(Stored items)
+++++

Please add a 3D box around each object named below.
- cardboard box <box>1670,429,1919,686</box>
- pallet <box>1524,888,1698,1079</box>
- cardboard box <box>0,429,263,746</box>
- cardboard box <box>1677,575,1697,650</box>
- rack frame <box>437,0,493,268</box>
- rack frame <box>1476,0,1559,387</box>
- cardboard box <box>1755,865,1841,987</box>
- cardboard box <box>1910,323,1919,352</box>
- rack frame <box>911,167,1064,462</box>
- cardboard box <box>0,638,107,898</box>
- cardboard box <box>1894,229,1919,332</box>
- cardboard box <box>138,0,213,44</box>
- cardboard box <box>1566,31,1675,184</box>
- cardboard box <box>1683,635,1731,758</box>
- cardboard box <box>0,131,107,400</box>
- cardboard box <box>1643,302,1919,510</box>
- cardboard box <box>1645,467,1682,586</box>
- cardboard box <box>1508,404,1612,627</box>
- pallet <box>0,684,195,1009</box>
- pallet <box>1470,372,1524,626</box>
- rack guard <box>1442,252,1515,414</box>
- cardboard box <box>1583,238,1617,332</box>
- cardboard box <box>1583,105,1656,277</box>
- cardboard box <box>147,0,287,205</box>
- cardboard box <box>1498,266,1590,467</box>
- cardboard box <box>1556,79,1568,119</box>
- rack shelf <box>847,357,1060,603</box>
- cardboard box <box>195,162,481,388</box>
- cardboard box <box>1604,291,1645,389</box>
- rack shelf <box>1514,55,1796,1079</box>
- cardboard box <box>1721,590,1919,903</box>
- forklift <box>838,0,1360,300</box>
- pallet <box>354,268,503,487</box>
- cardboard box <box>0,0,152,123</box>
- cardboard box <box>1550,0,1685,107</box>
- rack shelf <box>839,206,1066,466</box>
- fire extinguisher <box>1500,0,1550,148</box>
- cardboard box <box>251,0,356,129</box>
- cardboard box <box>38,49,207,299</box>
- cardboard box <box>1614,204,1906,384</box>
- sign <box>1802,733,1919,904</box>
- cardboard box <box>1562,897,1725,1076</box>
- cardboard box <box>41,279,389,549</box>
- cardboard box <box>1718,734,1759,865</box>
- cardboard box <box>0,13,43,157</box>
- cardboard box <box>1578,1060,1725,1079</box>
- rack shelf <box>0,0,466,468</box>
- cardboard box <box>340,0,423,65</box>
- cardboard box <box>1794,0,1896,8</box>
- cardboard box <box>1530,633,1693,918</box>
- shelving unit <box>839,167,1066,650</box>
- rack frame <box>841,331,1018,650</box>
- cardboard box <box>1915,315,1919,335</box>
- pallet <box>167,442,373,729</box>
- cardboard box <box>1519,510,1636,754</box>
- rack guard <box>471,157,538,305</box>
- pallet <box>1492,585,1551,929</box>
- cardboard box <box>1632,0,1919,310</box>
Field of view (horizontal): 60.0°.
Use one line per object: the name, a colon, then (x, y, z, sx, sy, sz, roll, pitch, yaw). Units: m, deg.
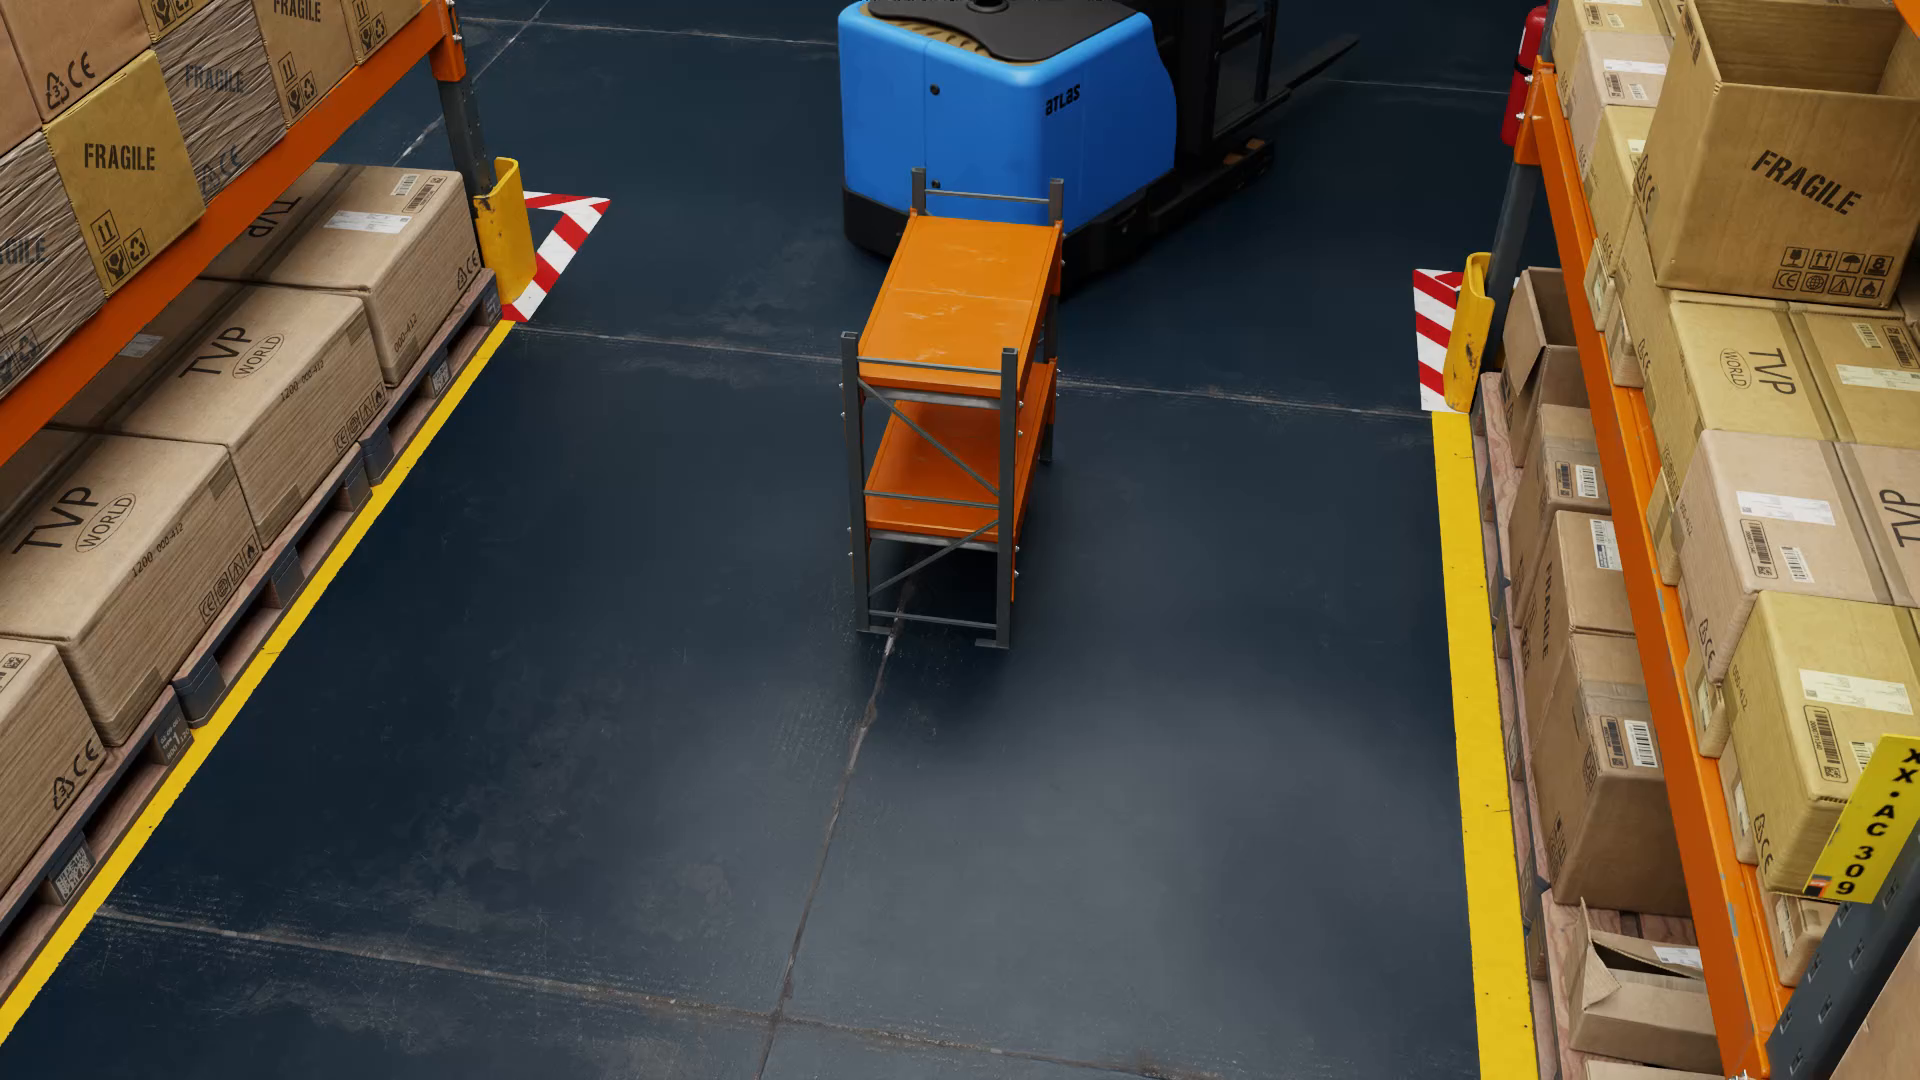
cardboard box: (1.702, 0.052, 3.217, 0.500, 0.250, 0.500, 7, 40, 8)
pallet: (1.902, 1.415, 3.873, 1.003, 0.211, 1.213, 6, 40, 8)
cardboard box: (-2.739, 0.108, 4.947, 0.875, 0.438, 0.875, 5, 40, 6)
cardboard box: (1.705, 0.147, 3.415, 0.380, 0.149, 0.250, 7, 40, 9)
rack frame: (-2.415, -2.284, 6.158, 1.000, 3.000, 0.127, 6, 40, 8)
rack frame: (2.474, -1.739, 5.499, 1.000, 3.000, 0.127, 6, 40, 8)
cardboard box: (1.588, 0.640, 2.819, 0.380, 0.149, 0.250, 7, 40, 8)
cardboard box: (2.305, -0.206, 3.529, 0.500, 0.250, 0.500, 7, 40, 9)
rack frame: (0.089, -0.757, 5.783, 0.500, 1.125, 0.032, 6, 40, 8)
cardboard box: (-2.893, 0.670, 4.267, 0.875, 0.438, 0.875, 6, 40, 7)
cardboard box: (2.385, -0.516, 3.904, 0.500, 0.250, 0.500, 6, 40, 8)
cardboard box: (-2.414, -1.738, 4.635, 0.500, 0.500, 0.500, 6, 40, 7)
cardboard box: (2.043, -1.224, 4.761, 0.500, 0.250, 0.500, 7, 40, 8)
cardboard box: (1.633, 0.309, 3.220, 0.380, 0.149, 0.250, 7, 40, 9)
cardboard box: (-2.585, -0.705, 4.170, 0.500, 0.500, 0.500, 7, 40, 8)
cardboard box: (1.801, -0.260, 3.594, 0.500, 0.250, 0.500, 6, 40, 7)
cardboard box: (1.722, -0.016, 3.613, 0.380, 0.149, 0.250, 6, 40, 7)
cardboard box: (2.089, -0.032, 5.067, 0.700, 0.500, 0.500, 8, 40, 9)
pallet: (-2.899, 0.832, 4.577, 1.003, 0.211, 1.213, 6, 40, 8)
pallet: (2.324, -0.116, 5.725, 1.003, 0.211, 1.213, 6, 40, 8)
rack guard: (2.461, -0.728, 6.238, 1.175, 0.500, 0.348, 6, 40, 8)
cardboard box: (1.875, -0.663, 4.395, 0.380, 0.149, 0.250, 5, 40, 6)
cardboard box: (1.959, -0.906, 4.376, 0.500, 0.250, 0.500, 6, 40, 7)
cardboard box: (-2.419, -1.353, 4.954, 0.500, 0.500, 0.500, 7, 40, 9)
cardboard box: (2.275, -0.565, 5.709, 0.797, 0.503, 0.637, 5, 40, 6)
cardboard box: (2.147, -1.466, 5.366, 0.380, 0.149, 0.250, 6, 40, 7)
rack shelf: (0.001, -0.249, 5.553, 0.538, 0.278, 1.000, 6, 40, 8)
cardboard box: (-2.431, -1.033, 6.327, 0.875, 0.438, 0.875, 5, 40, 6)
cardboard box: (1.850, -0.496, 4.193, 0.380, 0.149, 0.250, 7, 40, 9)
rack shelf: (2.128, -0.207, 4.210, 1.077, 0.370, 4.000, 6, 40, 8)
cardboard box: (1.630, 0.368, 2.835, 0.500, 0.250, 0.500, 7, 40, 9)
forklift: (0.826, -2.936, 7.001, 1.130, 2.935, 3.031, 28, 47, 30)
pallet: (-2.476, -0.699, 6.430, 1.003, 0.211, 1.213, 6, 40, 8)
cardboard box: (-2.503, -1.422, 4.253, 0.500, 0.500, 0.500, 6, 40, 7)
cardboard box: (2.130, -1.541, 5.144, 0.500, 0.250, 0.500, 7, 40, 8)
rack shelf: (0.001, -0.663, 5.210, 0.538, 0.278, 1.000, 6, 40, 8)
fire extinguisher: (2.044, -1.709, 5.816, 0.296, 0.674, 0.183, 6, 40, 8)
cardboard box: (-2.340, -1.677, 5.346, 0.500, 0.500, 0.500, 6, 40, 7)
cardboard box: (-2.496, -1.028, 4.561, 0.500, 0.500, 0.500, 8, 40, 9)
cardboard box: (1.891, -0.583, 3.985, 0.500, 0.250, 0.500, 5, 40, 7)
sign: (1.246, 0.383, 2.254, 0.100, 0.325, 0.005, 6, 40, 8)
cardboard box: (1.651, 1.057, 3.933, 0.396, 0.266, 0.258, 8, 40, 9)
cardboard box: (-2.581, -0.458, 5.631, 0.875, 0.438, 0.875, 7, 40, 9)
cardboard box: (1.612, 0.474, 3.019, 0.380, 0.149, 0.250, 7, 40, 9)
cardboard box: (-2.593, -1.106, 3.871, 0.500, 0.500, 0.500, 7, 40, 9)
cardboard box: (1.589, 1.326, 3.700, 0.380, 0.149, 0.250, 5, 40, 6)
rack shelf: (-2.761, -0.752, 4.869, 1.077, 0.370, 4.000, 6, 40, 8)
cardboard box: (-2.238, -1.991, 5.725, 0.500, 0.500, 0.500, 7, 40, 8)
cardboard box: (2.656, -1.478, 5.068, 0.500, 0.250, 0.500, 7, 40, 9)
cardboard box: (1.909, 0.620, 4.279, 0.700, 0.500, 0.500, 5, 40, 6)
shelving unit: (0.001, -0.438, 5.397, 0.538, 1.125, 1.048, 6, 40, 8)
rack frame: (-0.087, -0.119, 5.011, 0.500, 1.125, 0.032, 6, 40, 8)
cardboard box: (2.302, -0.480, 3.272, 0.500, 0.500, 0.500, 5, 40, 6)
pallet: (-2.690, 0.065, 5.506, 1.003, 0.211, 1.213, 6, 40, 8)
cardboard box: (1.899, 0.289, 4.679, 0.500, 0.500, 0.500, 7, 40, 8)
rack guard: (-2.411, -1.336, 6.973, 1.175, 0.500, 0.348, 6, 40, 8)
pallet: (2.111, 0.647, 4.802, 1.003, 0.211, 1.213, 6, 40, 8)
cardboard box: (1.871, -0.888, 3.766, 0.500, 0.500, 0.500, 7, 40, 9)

+++++

Only certain lines are wanted. Please return exactly those from the top of the data through the line with "- cardboard box <box>138,0,213,44</box>".

Please add a 3D box around each object named below.
- cardboard box <box>1670,429,1919,686</box>
- pallet <box>1524,888,1698,1079</box>
- cardboard box <box>0,429,263,746</box>
- cardboard box <box>1677,575,1697,650</box>
- rack frame <box>437,0,493,268</box>
- rack frame <box>1476,0,1559,387</box>
- cardboard box <box>1755,865,1841,987</box>
- cardboard box <box>1910,323,1919,352</box>
- rack frame <box>911,167,1064,462</box>
- cardboard box <box>0,638,107,898</box>
- cardboard box <box>1894,229,1919,332</box>
- cardboard box <box>138,0,213,44</box>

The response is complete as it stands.